Entries taken from a collection
####################
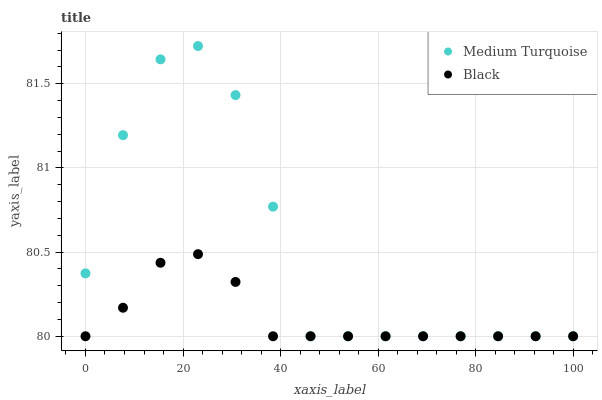Does Black have the minimum area under the curve?
Answer yes or no. Yes. Does Medium Turquoise have the maximum area under the curve?
Answer yes or no. Yes. Does Medium Turquoise have the minimum area under the curve?
Answer yes or no. No. Is Black the smoothest?
Answer yes or no. Yes. Is Medium Turquoise the roughest?
Answer yes or no. Yes. Is Medium Turquoise the smoothest?
Answer yes or no. No. Does Black have the lowest value?
Answer yes or no. Yes. Does Medium Turquoise have the highest value?
Answer yes or no. Yes. Does Medium Turquoise intersect Black?
Answer yes or no. Yes. Is Medium Turquoise less than Black?
Answer yes or no. No. Is Medium Turquoise greater than Black?
Answer yes or no. No. 
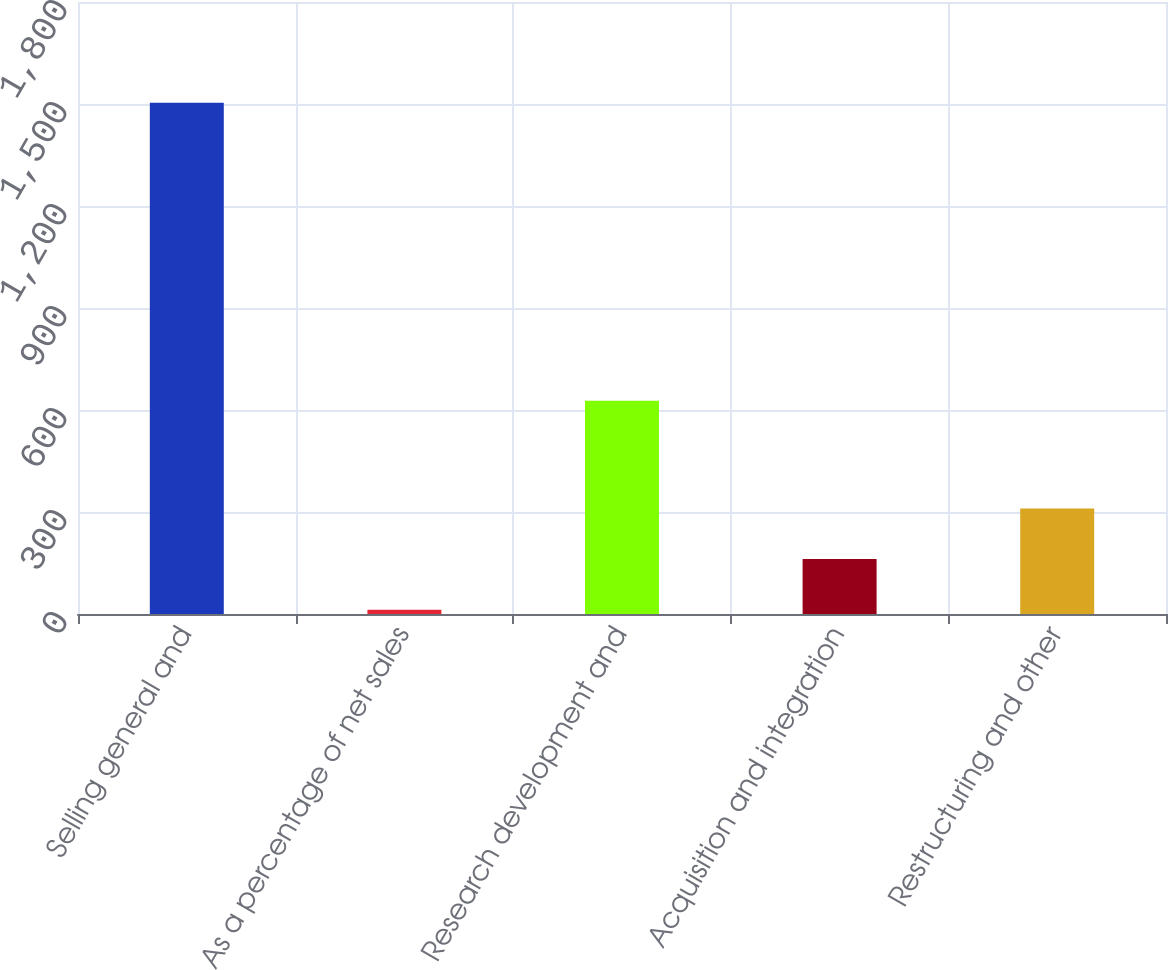Convert chart. <chart><loc_0><loc_0><loc_500><loc_500><bar_chart><fcel>Selling general and<fcel>As a percentage of net sales<fcel>Research development and<fcel>Acquisition and integration<fcel>Restructuring and other<nl><fcel>1504<fcel>12.3<fcel>627<fcel>161.47<fcel>310.64<nl></chart>
####################
Goal of the exercise
Your answer must be a copy of every line in the data above that holds the string "Turquoise".

Result of the exercise
Answer yes or no. Yes. Does Medium Turquoise have the maximum area under the curve?
Answer yes or no. Yes. Does Medium Turquoise have the minimum area under the curve?
Answer yes or no. Yes. Is Medium Turquoise the roughest?
Answer yes or no. Yes. Is Medium Turquoise the smoothest?
Answer yes or no. Yes. Does Medium Turquoise have the highest value?
Answer yes or no. Yes. Does Medium Turquoise intersect Black?
Answer yes or no. Yes. Is Medium Turquoise less than Black?
Answer yes or no. No. Is Medium Turquoise greater than Black?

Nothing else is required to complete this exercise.